Abstract:Despite the impressive capabilities of Large Language Models (LLMs) in general medical domains, questions remain about their performance in diagnosing rare diseases. To answer this question, we aim to assess the diagnostic performance of LLMs in rare diseases, and explore methods to enhance their effectiveness in this area. In this work, we introduce a rare disease question-answering (ReDis-QA) dataset to evaluate the performance of LLMs in diagnosing rare diseases. Specifically, we collected 1360 high-quality question-answer pairs within the ReDis-QA dataset, covering 205 rare diseases. Additionally, we annotated meta-data for each question, facilitating the extraction of subsets specific to any given disease and its property.
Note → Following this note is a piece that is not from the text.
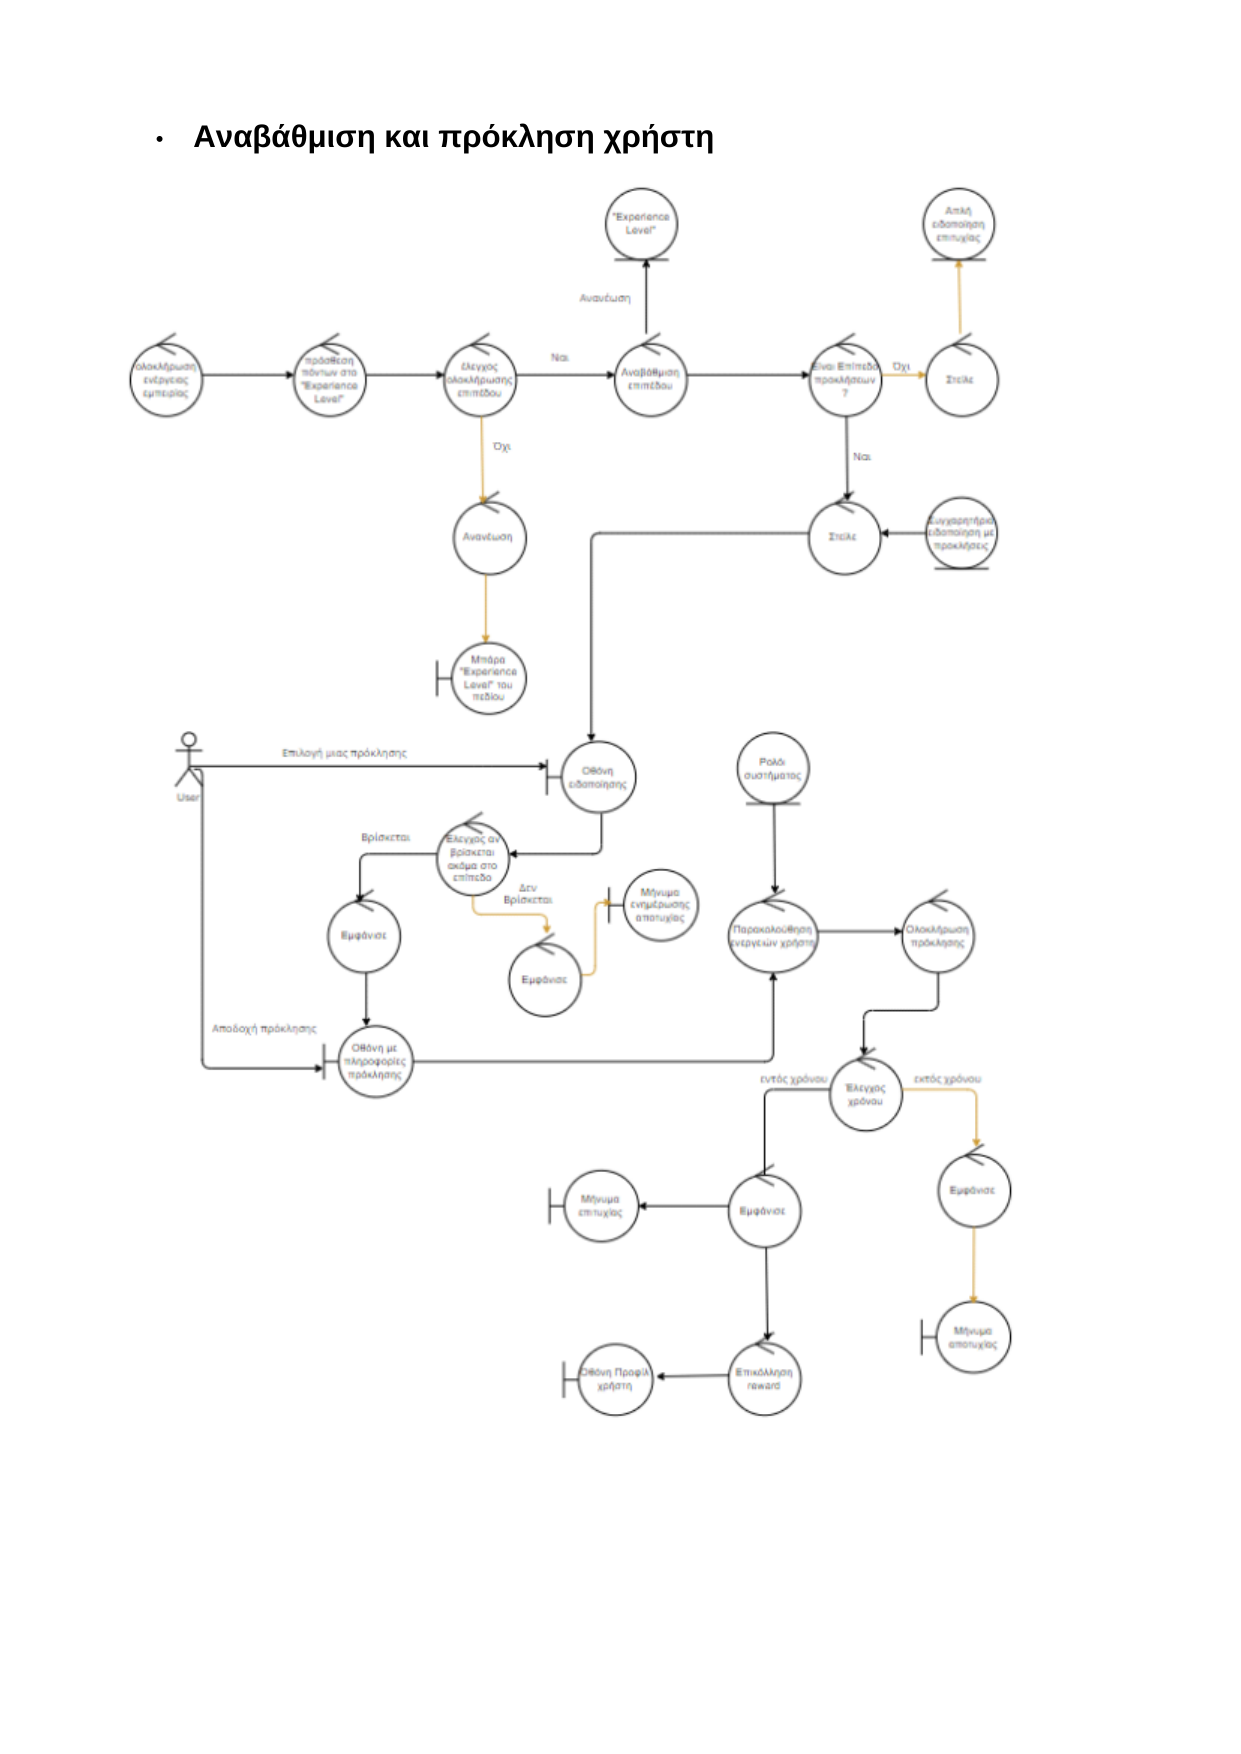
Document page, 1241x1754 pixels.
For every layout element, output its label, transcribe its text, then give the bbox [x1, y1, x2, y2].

Based on the ReDis-QA dataset, we benchmarked several open-source LLMs, revealing that diagnosing rare diseases remains a significant challenge for these models. To facilitate retrieval augmentation generation for rare disease diagnosis, we collect the first rare diseases corpus (ReCOP), sourced from the National Organization for Rare Disorders (NORD) database. Specifically, we split the report of each rare disease into multiple chunks, each representing a different property of the disease, including their overview, symptoms, causes, effects, related disorders, diagnosis, and standard therapies. This structure ensures that the information within each chunk aligns consistently with a question. Experiment results demonstrate that ReCOP can effectively improve the accuracy of LLMs on the ReDis-QA dataset by an average of 8%. Moreover, it significantly guides LLMs to generate trustworthy answers and explanations that can be traced back to existing literature.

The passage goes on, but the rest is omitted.